- _INSTRUCTIONS TO FOLLOW_: Once the pictures are set aside, transcribe the remaining data exactly.

- _DATASET EXTRACT_:

Start of Block

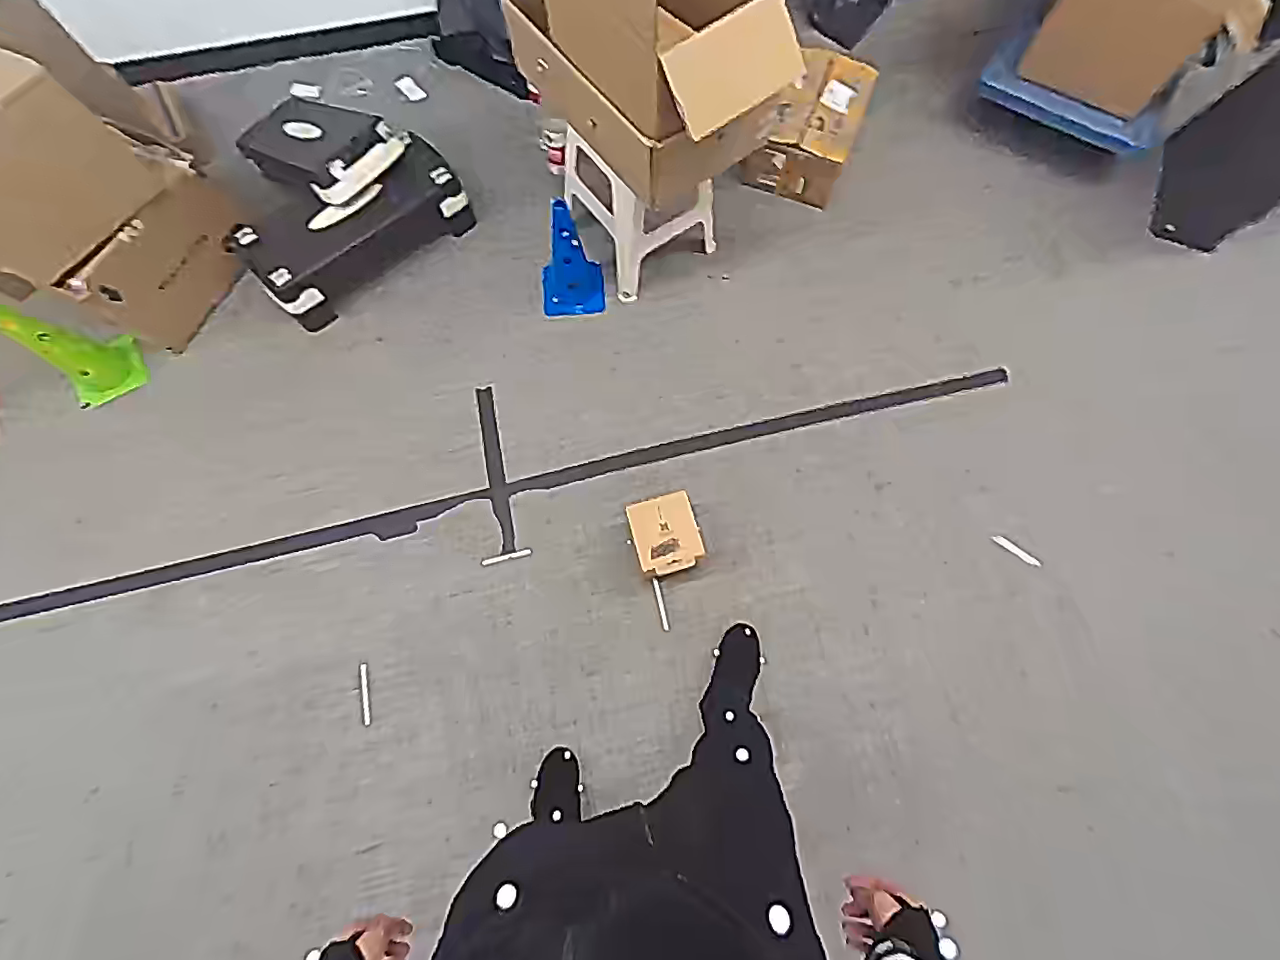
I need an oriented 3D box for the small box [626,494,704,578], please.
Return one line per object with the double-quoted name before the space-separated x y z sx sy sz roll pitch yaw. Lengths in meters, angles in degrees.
"small box" 0.064 0.157 1.444 0.168 0.176 0.179 -14 72 -5

End of Block

- _EXERCISE SOLUTION_:
I need an oriented 3D box for the small box [626,494,704,578], please.
Return one line per object with the double-quoted name before the space-separated x y z sx sy sz roll pitch yaw. Lengths in meters, angles in degrees.
"small box" 0.064 0.157 1.444 0.168 0.176 0.179 -14 72 -5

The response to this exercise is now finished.